In: Advanced Math
Q.Explain the flaws in the following analysis or conclusion. (Note that this is not about chi-squared test per se, perhaps, it is about what a statistical analysis (hypothesis testing in this case) can tell us and what it cannot) Background - The Scholarship Committee comprises 3 faculty members, one of whom is Professor X. Professor X also wrote recommendation letter for 5 students who took his class earlier and four of them were awarded scholarships (out of a total of six scholarships awarded to graduate students). A student who applied but was not awarded a scholarship accused Professor X of favoritism, claiming that he/she was denied a scholarship despite having a very high GPA because he/she did not take class under Professor X and had declined him/her a recommendation letter.
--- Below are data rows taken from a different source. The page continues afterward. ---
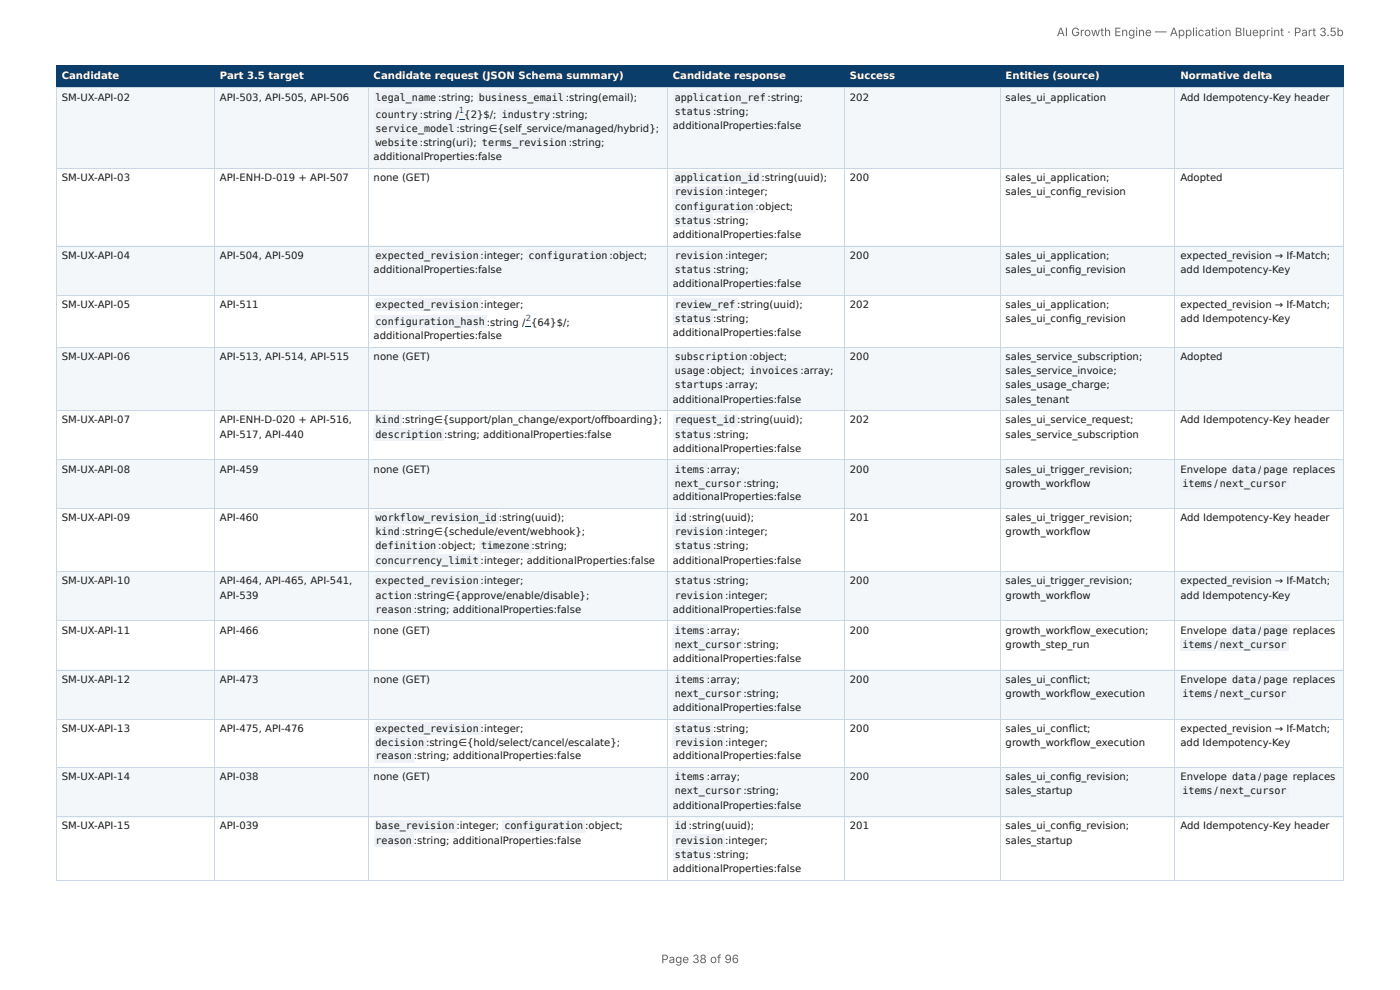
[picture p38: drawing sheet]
<svg xmlns="http://www.w3.org/2000/svg" width="297mm" height="210mm" viewBox="0 0 297 210" stroke-linecap="round" stroke-linejoin="round" font-family="sans-serif">
<defs><g id="words">
<g font-size="2.5" fill="#666">
<text x="224.5" y="7.7">AI Growth Engine — Application Blueprint · Part 3.5b</text>
<text x="140.4" y="204.5">Page 38 of 96</text>
</g>
<g font-size="2.1" fill="#fff">
<text x="13.1" y="16.8">Candidate</text>
<text x="46.7" y="16.8">Part 3.5 target</text>
<text x="79.4" y="16.8">Candidate request (JSON Schema summary)</text>
<text x="142.9" y="16.8">Candidate response</text>
<text x="180.5" y="16.8">Success</text>
<text x="213.6" y="16.8">Entities (source)</text>
<text x="250.7" y="16.8">Normative delta</text>
</g>
<g font-size="2.1" fill="#1a1a1a">
<text x="13.1" y="21.4">SM-UX-API-02</text>
<text x="46.7" y="21.4">API-503, API-505, API-506</text>
<text x="79.8" y="21.4">legal_name :string;</text>
<text x="101.7" y="21.4">business_email :string(email);</text>
<text x="143.3" y="21.4">application_ref</text>
<text x="163" y="21.4">:string;</text>
<text x="180.5" y="21.4">202</text>
<text x="213.6" y="21.4">sales_ui_application</text>
<text x="250.7" y="21.4">Add Idempotency-Key header</text>
<text x="79.8" y="25">country :</text>
<text x="79.8" y="28">service_model</text>
<text x="89.9" y="25.1">string / {2}$/;</text>
<text x="96.9" y="28">:string∈{self_service/managed/hybrid};</text>
<text x="106.6" y="25">industry</text>
<text x="117.3" y="25.1">:string;</text>
<text x="142.9" y="27.4">additionalProperties:false</text>
<text x="143.3" y="24.4">status</text>
<text x="151.4" y="24.4">:string;</text>
<text x="79.4" y="34.1">additionalProperties:false</text>
<text x="79.8" y="31">website :</text>
<text x="89.9" y="31">string(uri);</text>
<text x="102.4" y="31">terms_revision :string;</text>
<text x="13.1" y="38.5">SM-UX-API-03</text>
<text x="46.7" y="38.5">API-ENH-D-019 + API-507</text>
<text x="79.4" y="38.5">none (GET)</text>
<text x="143.3" y="38.5">application_id :string(uuid);</text>
<text x="143.3" y="41.5">revision</text>
<text x="154" y="41.5">:integer;</text>
<text x="180.5" y="38.5">200</text>
<text x="213.6" y="38.5">sales_ui_application;</text>
<text x="213.6" y="41.5">sales_ui_confi g_revision</text>
<text x="250.7" y="38.5">Adopted</text>
<text x="143.3" y="44.5">configuration</text>
<text x="143.3" y="47.5">status</text>
<text x="151.4" y="47.5">:string;</text>
<text x="160.5" y="44.5">:object;</text>
<text x="142.9" y="50.5">additionalProperties:false</text>
<text x="13.1" y="55">SM-UX-API-04</text>
<text x="46.7" y="55">API-504, API-509</text>
<text x="79.4" y="58">additionalProperties:false</text>
<text x="79.8" y="55">expected_revision :integer;</text>
<text x="112.3" y="55">configuration :object;</text>
<text x="143.3" y="55">revision</text>
<text x="143.3" y="58">status</text>
<text x="151.4" y="58">:string;</text>
<text x="154" y="55">:integer;</text>
<text x="180.5" y="55">200</text>
<text x="213.6" y="55">sales_ui_application;</text>
<text x="213.6" y="58">sales_ui_confi g_revision</text>
<text x="250.7" y="55">expected_revision → If-Match;</text>
<text x="250.7" y="58">add Idempotency-Key</text>
<text x="13.1" y="65.4">SM-UX-API-05</text>
<text x="46.7" y="65.4">API-511</text>
<text x="79.8" y="65.4">expected_revision :integer;</text>
<text x="142.9" y="61">additionalProperties:false</text>
<text x="143.3" y="65.4">review_ref :string(uuid);</text>
<text x="180.5" y="65.4">202</text>
<text x="213.6" y="65.4">sales_ui_application;</text>
<text x="250.7" y="65.4">expected_revision → If-Match;</text>
<text x="79.8" y="69">configuration_hash</text>
<text x="103.4" y="69.1">:string / {64}$/;</text>
<text x="142.9" y="71.4">additionalProperties:false</text>
<text x="143.3" y="68.4">status</text>
<text x="151.4" y="68.4">:string;</text>
<text x="213.6" y="68.4">sales_ui_confi g_revision</text>
<text x="250.7" y="68.4">add Idempotency-Key</text>
<text x="13.1" y="76.5">SM-UX-API-06</text>
<text x="46.7" y="76.5">API-513, API-514, API-515</text>
<text x="79.4" y="72">additionalProperties:false</text>
<text x="79.4" y="76.5">none (GET)</text>
<text x="143.3" y="76.5">subscription :object;</text>
<text x="180.5" y="76.5">200</text>
<text x="213.6" y="76.5">sales_service_subscription;</text>
<text x="250.7" y="76.5">Adopted</text>
<text x="143.3" y="79.5">usage :object;</text>
<text x="143.3" y="82.5">startups</text>
<text x="154" y="82.5">:array;</text>
<text x="159.3" y="79.5">invoices :array;</text>
<text x="213.6" y="79.5">sales_service_invoice;</text>
<text x="213.6" y="82.5">sales_usage_charge;</text>
<text x="13.1" y="89.9">SM-UX-API-07</text>
<text x="46.7" y="89.9">API-ENH-D-020 + API-516,</text>
<text x="79.8" y="89.9">kind</text>
<text x="85.3" y="89.9">:string∈{support/plan_change/export/off boarding};</text>
<text x="142.9" y="85.5">additionalProperties:false</text>
<text x="143.3" y="89.9">request_id :string(uuid);</text>
<text x="180.5" y="89.9">202</text>
<text x="213.6" y="85.5">sales_tenant</text>
<text x="213.6" y="89.9">sales_ui_service_request;</text>
<text x="250.7" y="89.9">Add Idempotency-Key header</text>
<text x="46.7" y="92.9">API-517, API-440</text>
<text x="79.8" y="92.9">description</text>
<text x="94.3" y="92.9">:string; additionalProperties:false</text>
<text x="142.9" y="96">additionalProperties:false</text>
<text x="143.3" y="92.9">status</text>
<text x="151.4" y="92.9">:string;</text>
<text x="213.6" y="92.9">sales_service_subscription</text>
<text x="13.1" y="100.4">SM-UX-API-08</text>
<text x="46.7" y="100.4">API-459</text>
<text x="79.4" y="100.4">none (GET)</text>
<text x="143.3" y="100.4">items :array;</text>
<text x="180.5" y="100.4">200</text>
<text x="213.6" y="100.4">sales_ui_trigger_revision;</text>
<text x="250.7" y="100.4">Envelope</text>
<text x="261.7" y="100.4">data /</text>
<text x="268.4" y="100.4">page</text>
<text x="274.6" y="100.4">replaces</text>
<text x="142.9" y="106.2">additionalProperties:false</text>
<text x="143.3" y="103.4">next_cursor</text>
<text x="157.9" y="103.4">:string;</text>
<text x="213.6" y="103.4">growth_workfl ow</text>
<text x="251.1" y="103.4">items</text>
<text x="258" y="103.4">/</text>
<text x="259.1" y="103.4">next_cursor</text>
<text x="13.1" y="110.6">SM-UX-API-09</text>
<text x="46.7" y="110.6">API-460</text>
<text x="79.8" y="110.6">workflow_revision_id :string(uuid);</text>
<text x="79.8" y="113.6">kind</text>
<text x="85.3" y="113.6">:string∈{schedule/event/webhook};</text>
<text x="143.3" y="110.6">id :string(uuid);</text>
<text x="143.3" y="113.6">revision</text>
<text x="154" y="113.6">:integer;</text>
<text x="180.5" y="110.6">201</text>
<text x="213.6" y="110.6">sales_ui_trigger_revision;</text>
<text x="213.6" y="113.6">growth_workfl ow</text>
<text x="250.7" y="110.6">Add Idempotency-Key header</text>
<text x="79.8" y="116.7">definition :object;</text>
<text x="79.8" y="119.7">concurrency_limit :integer; additionalProperties:false</text>
<text x="102.2" y="116.7">timezone :</text>
<text x="113.6" y="116.7">string;</text>
<text x="142.9" y="119.7">additionalProperties:false</text>
<text x="143.3" y="116.7">status</text>
<text x="151.4" y="116.7">:string;</text>
<text x="13.1" y="124.1">SM-UX-API-10</text>
<text x="46.7" y="124.1">API-464, API-465, API-541,</text>
<text x="79.8" y="124.1">expected_revision :integer;</text>
<text x="143.3" y="124.1">status</text>
<text x="151.4" y="124.1">:string;</text>
<text x="180.5" y="124.1">200</text>
<text x="213.6" y="124.1">sales_ui_trigger_revision;</text>
<text x="250.7" y="124.1">expected_revision → If-Match;</text>
<text x="46.7" y="127.1">API-539</text>
<text x="79.8" y="127.1">action</text>
<text x="79.8" y="130.1">reason</text>
<text x="87.9" y="127.1">:string∈{approve/enable/disable};</text>
<text x="87.9" y="130.1">:string; additionalProperties:false</text>
<text x="142.9" y="130.1">additionalProperties:false</text>
<text x="143.3" y="127.1">revision</text>
<text x="154" y="127.1">:integer;</text>
<text x="213.6" y="127.1">growth_workfl ow</text>
<text x="250.7" y="127.1">add Idempotency-Key</text>
<text x="13.1" y="134.5">SM-UX-API-11</text>
<text x="46.7" y="134.5">API-466</text>
<text x="79.4" y="134.5">none (GET)</text>
<text x="143.3" y="134.5">items :array;</text>
<text x="143.3" y="137.6">next_cursor</text>
<text x="157.9" y="137.6">:string;</text>
<text x="180.5" y="134.5">200</text>
<text x="213.6" y="134.5">growth_workfl ow_execution;</text>
<text x="213.6" y="137.6">growth_step_run</text>
<text x="250.7" y="134.5">Envelope</text>
<text x="251.1" y="137.6">items</text>
<text x="258" y="137.6">/</text>
<text x="259.1" y="137.6">next_cursor</text>
<text x="261.7" y="134.5">data /</text>
<text x="268.4" y="134.5">page</text>
<text x="274.6" y="134.5">replaces</text>
<text x="142.9" y="140.6">additionalProperties:false</text>
<text x="13.1" y="145">SM-UX-API-12</text>
<text x="46.7" y="145">API-473</text>
<text x="79.4" y="145">none (GET)</text>
<text x="143.3" y="145">items :array;</text>
<text x="143.3" y="148">next_cursor</text>
<text x="157.9" y="148">:string;</text>
<text x="180.5" y="145">200</text>
<text x="213.6" y="145">sales_ui_confl ict;</text>
<text x="213.6" y="148">growth_workfl ow_execution</text>
<text x="250.7" y="145">Envelope</text>
<text x="251.1" y="148">items</text>
<text x="258" y="148">/</text>
<text x="259.1" y="148">next_cursor</text>
<text x="261.7" y="145">data /</text>
<text x="268.4" y="145">page</text>
<text x="274.6" y="145">replaces</text>
<text x="13.1" y="155.4">SM-UX-API-13</text>
<text x="46.7" y="155.4">API-475, API-476</text>
<text x="79.8" y="155.4">expected_revision :integer;</text>
<text x="142.9" y="151">additionalProperties:false</text>
<text x="143.3" y="155.4">status</text>
<text x="151.4" y="155.4">:string;</text>
<text x="180.5" y="155.4">200</text>
<text x="213.6" y="155.4">sales_ui_confl ict;</text>
<text x="250.7" y="155.4">expected_revision → If-Match;</text>
<text x="79.8" y="158.5">decision :string∈{hold/select/cancel/escalate};</text>
<text x="79.8" y="161.3">reason</text>
<text x="87.9" y="161.3">:string; additionalProperties:false</text>
<text x="142.9" y="161.3">additionalProperties:false</text>
<text x="143.3" y="158.5">revision</text>
<text x="154" y="158.5">:integer;</text>
<text x="213.6" y="158.5">growth_workfl ow_execution</text>
<text x="250.7" y="158.5">add Idempotency-Key</text>
<text x="13.1" y="165.7">SM-UX-API-14</text>
<text x="46.7" y="165.7">API-038</text>
<text x="79.4" y="165.7">none (GET)</text>
<text x="143.3" y="165.7">items :array;</text>
<text x="180.5" y="165.7">200</text>
<text x="213.6" y="165.7">sales_ui_confi g_revision;</text>
<text x="250.7" y="165.7">Envelope</text>
<text x="261.7" y="165.7">data /</text>
<text x="268.4" y="165.7">page</text>
<text x="274.6" y="165.7">replaces</text>
<text x="142.9" y="171.7">additionalProperties:false</text>
<text x="143.3" y="168.7">next_cursor</text>
<text x="157.9" y="168.7">:string;</text>
<text x="213.6" y="168.7">sales_startup</text>
<text x="251.1" y="168.7">items</text>
<text x="258" y="168.7">/</text>
<text x="259.1" y="168.7">next_cursor</text>
<text x="13.1" y="176.1">SM-UX-API-15</text>
<text x="46.7" y="176.1">API-039</text>
<text x="79.8" y="176.1">base_revision</text>
<text x="79.8" y="179.2">reason</text>
<text x="87.9" y="179.2">:string; additionalProperties:false</text>
<text x="96.9" y="176.1">:integer;</text>
<text x="107.1" y="176.1">configuration</text>
<text x="124.3" y="176.1">:object;</text>
<text x="143.3" y="176.1">id :string(uuid);</text>
<text x="143.3" y="179.2">revision</text>
<text x="154" y="179.2">:integer;</text>
<text x="180.5" y="176.1">201</text>
<text x="213.6" y="176.1">sales_ui_confi g_revision;</text>
<text x="213.6" y="179.2">sales_startup</text>
<text x="250.7" y="176.1">Add Idempotency-Key header</text>
<text x="142.9" y="185.2">additionalProperties:false</text>
<text x="143.3" y="182.2">status</text>
<text x="151.4" y="182.2">:string;</text>
</g>
<g font-size="1.8" fill="#00e">
<text x="97.5" y="24.1">1</text>
<text x="111.6" y="68.1">2</text>
</g>
</g></defs>
<g fill="#0b3d6b">
<path d="M12.1 14h33.6v4.6h-33.6z"/>
<path d="M45.7 14h32.5v4.6h-32.5z"/>
<path d="M78.2 14h63.5v4.6h-63.5z"/>
<path d="M141.7 14h37.8v4.6h-37.8z"/>
<path d="M179.5 14h33v4.6h-33z"/>
<path d="M212.5 14h37.1v4.6h-37.1z"/>
<path d="M249.6 14h35.8v4.6h-35.8z"/>
</g>
<g fill="#f4f7fa">
<path d="M12.1 18.6h33.6v17.3h-33.6z"/>
<path d="M45.7 18.6h32.5v17.3h-32.5z"/>
<path d="M78.2 18.6h63.5v17.3h-63.5z"/>
<path d="M141.7 18.6h37.8v17.3h-37.8z"/>
<path d="M179.5 18.6h33v17.3h-33z"/>
<path d="M212.5 18.6h37.1v17.3h-37.1z"/>
<path d="M249.6 18.6h35.8v17.3h-35.8z"/>
<path d="M12.1 52.1h33.6v10.5h-33.6z"/>
<path d="M45.7 52.1h32.5v10.5h-32.5z"/>
<path d="M78.2 52.1h63.5v10.5h-63.5z"/>
<path d="M141.7 52.1h37.8v10.5h-37.8z"/>
<path d="M179.5 52.1h33v10.5h-33z"/>
<path d="M212.5 52.1h37.1v10.5h-37.1z"/>
<path d="M249.6 52.1h35.8v10.5h-35.8z"/>
<path d="M12.1 73.8h33.6v13.3h-33.6z"/>
<path d="M45.7 73.8h32.5v13.3h-32.5z"/>
<path d="M78.2 73.8h63.5v13.3h-63.5z"/>
<path d="M141.7 73.8h37.8v13.3h-37.8z"/>
<path d="M179.5 73.8h33v13.3h-33z"/>
<path d="M212.5 73.8h37.1v13.3h-37.1z"/>
<path d="M249.6 73.8h35.8v13.3h-35.8z"/>
<path d="M12.1 97.6h33.6v10.4h-33.6z"/>
<path d="M45.7 97.6h32.5v10.4h-32.5z"/>
<path d="M78.2 97.6h63.5v10.4h-63.5z"/>
<path d="M141.7 97.6h37.8v10.4h-37.8z"/>
<path d="M179.5 97.6h33v10.4h-33z"/>
<path d="M212.5 97.6h37.1v10.4h-37.1z"/>
<path d="M249.6 97.6h35.8v10.4h-35.8z"/>
<path d="M12.1 121.5h33.6v10.2h-33.6z"/>
<path d="M45.7 121.5h32.5v10.2h-32.5z"/>
<path d="M78.2 121.5h63.5v10.2h-63.5z"/>
<path d="M141.7 121.5h37.8v10.2h-37.8z"/>
<path d="M179.5 121.5h33v10.2h-33z"/>
<path d="M212.5 121.5h37.1v10.2h-37.1z"/>
<path d="M249.6 121.5h35.8v10.2h-35.8z"/>
<path d="M12.1 142.2h33.6v10.4h-33.6z"/>
<path d="M45.7 142.2h32.5v10.4h-32.5z"/>
<path d="M78.2 142.2h63.5v10.4h-63.5z"/>
<path d="M141.7 142.2h37.8v10.4h-37.8z"/>
<path d="M179.5 142.2h33v10.4h-33z"/>
<path d="M212.5 142.2h37.1v10.4h-37.1z"/>
<path d="M249.6 142.2h35.8v10.4h-35.8z"/>
<path d="M12.1 163.1h33.6v10.4h-33.6z"/>
<path d="M45.7 163.1h32.5v10.4h-32.5z"/>
<path d="M78.2 163.1h63.5v10.4h-63.5z"/>
<path d="M141.7 163.1h37.8v10.4h-37.8z"/>
<path d="M179.5 163.1h33v10.4h-33z"/>
<path d="M212.5 163.1h37.1v10.4h-37.1z"/>
<path d="M249.6 163.1h35.8v10.4h-35.8z"/>
</g>
<path d="M11.9 13.9h273.5M11.9 18.7h273.5M12 13.8v5M45.6 13.8v5M78.3 13.8v5M141.8 13.8v5M179.4 13.8v5M212.6 13.8v5M249.5 13.8v5M285.3 13.8v5" fill="none" stroke="#0b3d6b" stroke-width=".21"/>
<g fill="none" stroke="#c9d6e3" stroke-width=".21">
<path d="M11.9 18.7h273.5M12 18.8v168M45.6 18.8v168M78.3 18.8v168M141.8 18.8v168M179.4 18.8v168M212.6 18.8v168M249.5 18.8v168M285.3 18.8v168M11.9 35.8h273.5M11.9 52.2h273.5M11.9 62.7h273.5"/>
<path d="M11.9 73.7h273.5M11.9 87.2h273.5M11.9 97.7h273.5M11.9 107.9h273.5M11.9 121.4h273.5M11.9 131.8h273.5M11.9 142.3h273.5M11.9 152.7h273.5M11.9 163h273.5M11.9 173.4h273.5M11.9 186.9h273.5"/>
</g>
<g fill="#eef2f6">
<path d="M79.4 19.4h13.7v2.6h-13.7z"/>
<path d="M101.3 19.4h18.9v2.6h-18.9z"/>
<path d="M79.4 23h9.9v2.6h-9.9z"/>
</g>
<path d="M97.5 25.2h1.1v.2h-1.1z" fill="#00e"/>
<g fill="#eef2f6">
<path d="M106.2 23h11v2.6h-11z"/>
<path d="M79.4 26h17.5v2.6h-17.5z"/>
<path d="M79.4 29h9.9v2.6h-9.9z"/>
<path d="M101.9 29h18.9v2.6h-18.9z"/>
<path d="M142.9 19.4h20.1v2.6h-20.1z"/>
<path d="M142.9 22.4h8.5v2.6h-8.5z"/>
<path d="M142.9 36.5h18.9v2.6h-18.9z"/>
<path d="M142.9 39.5h11.1v2.6h-11.1z"/>
<path d="M142.9 42.5h17.5v2.6h-17.5z"/>
<path d="M142.9 45.5h8.5v2.6h-8.5z"/>
<path d="M79.4 52.9h22.7v2.7h-22.7z"/>
<path d="M111.8 52.9h17.7v2.7h-17.7z"/>
<path d="M142.9 52.9h11.1v2.7h-11.1z"/>
<path d="M142.9 56h8.5v2.6h-8.5z"/>
<path d="M79.4 63.4h22.7v2.6h-22.7z"/>
<path d="M79.4 67h23.9v2.6h-23.9z"/>
</g>
<path d="M111.6 69.2h1.2v.2h-1.2z" fill="#00e"/>
<g fill="#eef2f6">
<path d="M142.9 63.4h13.7v2.6h-13.7z"/>
<path d="M142.9 66.4h8.5v2.6h-8.5z"/>
<path d="M142.9 74.5h16.3v2.6h-16.3z"/>
<path d="M142.9 77.5h7.3v2.6h-7.3z"/>
<path d="M158.8 77.5h11.3v2.6h-11.3z"/>
<path d="M142.9 80.5h11.1v2.6h-11.1z"/>
<path d="M79.4 87.9h5.9v2.6h-5.9z"/>
<path d="M79.4 90.9h14.9v2.6h-14.9z"/>
<path d="M142.9 87.9h13.7v2.6h-13.7z"/>
<path d="M142.9 90.9h8.5v2.6h-8.5z"/>
<path d="M142.9 98.4h7.3v2.6h-7.3z"/>
<path d="M142.9 101.4h14.9v2.6h-14.9z"/>
<path d="M261.3 98.4h6v2.6h-6z"/>
<path d="M267.9 98.4h6.1v2.6h-6.1z"/>
<path d="M250.7 101.4h7.2v2.6h-7.2z"/>
<path d="M258.7 101.4h15.1v2.6h-15.1z"/>
<path d="M79.4 108.6h26.6v2.6h-26.6z"/>
<path d="M79.4 111.6h5.9v2.6h-5.9z"/>
<path d="M79.4 114.6h13.7v2.7h-13.7z"/>
<path d="M101.7 114.6h11.3v2.7h-11.3z"/>
<path d="M79.4 117.7h22.7v2.6h-22.7z"/>
<path d="M142.9 108.6h3.5v2.6h-3.5z"/>
<path d="M142.9 111.6h11.1v2.6h-11.1z"/>
<path d="M142.9 114.6h8.5v2.7h-8.5z"/>
<path d="M79.4 122.1h22.7v2.6h-22.7z"/>
<path d="M79.4 125.1h8.5v2.6h-8.5z"/>
<path d="M79.4 128.1h8.5v2.6h-8.5z"/>
<path d="M142.9 122.1h8.5v2.6h-8.5z"/>
<path d="M142.9 125.1h11.1v2.6h-11.1z"/>
<path d="M142.9 132.5h7.3v2.6h-7.3z"/>
<path d="M142.9 135.5h14.9v2.7h-14.9z"/>
<path d="M261.3 132.5h6v2.6h-6z"/>
<path d="M267.9 132.5h6.1v2.6h-6.1z"/>
<path d="M250.7 135.5h7.2v2.7h-7.2z"/>
<path d="M258.7 135.5h15.1v2.7h-15.1z"/>
<path d="M142.9 143h7.3v2.6h-7.3z"/>
<path d="M142.9 146h14.9v2.6h-14.9z"/>
<path d="M261.3 143h6v2.6h-6z"/>
<path d="M267.9 143h6.1v2.6h-6.1z"/>
<path d="M250.7 146h7.2v2.6h-7.2z"/>
<path d="M258.7 146h15.1v2.6h-15.1z"/>
<path d="M79.4 153.4h22.7v2.6h-22.7z"/>
<path d="M79.4 156.4h11.1v2.7h-11.1z"/>
<path d="M79.4 159.3h8.5v2.6h-8.5z"/>
<path d="M142.9 153.4h8.5v2.6h-8.5z"/>
<path d="M142.9 156.4h11.1v2.7h-11.1z"/>
<path d="M142.9 163.7h7.3v2.6h-7.3z"/>
<path d="M142.9 166.7h14.9v2.6h-14.9z"/>
<path d="M261.3 163.7h6v2.6h-6z"/>
<path d="M267.9 163.7h6.1v2.6h-6.1z"/>
<path d="M250.7 166.7h7.2v2.6h-7.2z"/>
<path d="M258.7 166.7h15.1v2.6h-15.1z"/>
<path d="M79.4 174.1h17.5v2.6h-17.5z"/>
<path d="M106.8 174.1h17.4v2.6h-17.4z"/>
<path d="M79.4 177.1h8.5v2.7h-8.5z"/>
<path d="M142.9 174.1h3.5v2.6h-3.5z"/>
<path d="M142.9 177.1h11.1v2.7h-11.1z"/>
<path d="M142.9 180.2h8.5v2.6h-8.5z"/>
</g>
<use href="#words"/>
</svg>

The student then did following statistical analysis as an evidence of favoritism . The student runs a Chisq-test and his result shows not independent between students who took class under Professor X and Students got scholarship. H0: students who get scholarship is independent with whether they have taken class under Professor X H1: not independent # Let total number of students who applied for scholarship is 70, and only 5 people get the scholarship, conservatively estimate only 3 out of 5 students took Class with ProfessorX, the other two selected did not take Class with ProfessorX # chisquare test shows the p-value <0.05, thus we reject H0 at .05 level and conclude students who got scholarship was affected by whether they have class under Professor X #student in addition tests , how about the total applicants were 60, or 80? and find out either case we reject H0, they are not independent.
Putting the data that the student accumulated into a contingency table:
There were 3 students who took class under Prof. X and got the scholarship and 5 total students who got the scholarship. There were 70 students who applied so that leaves 65 who did not get a scholarship.
I guess the first flaw is evident from the table that we created. The student does not take into account that out of the number of students that did not get scholarships, how many took class under Prof. X and how many did not.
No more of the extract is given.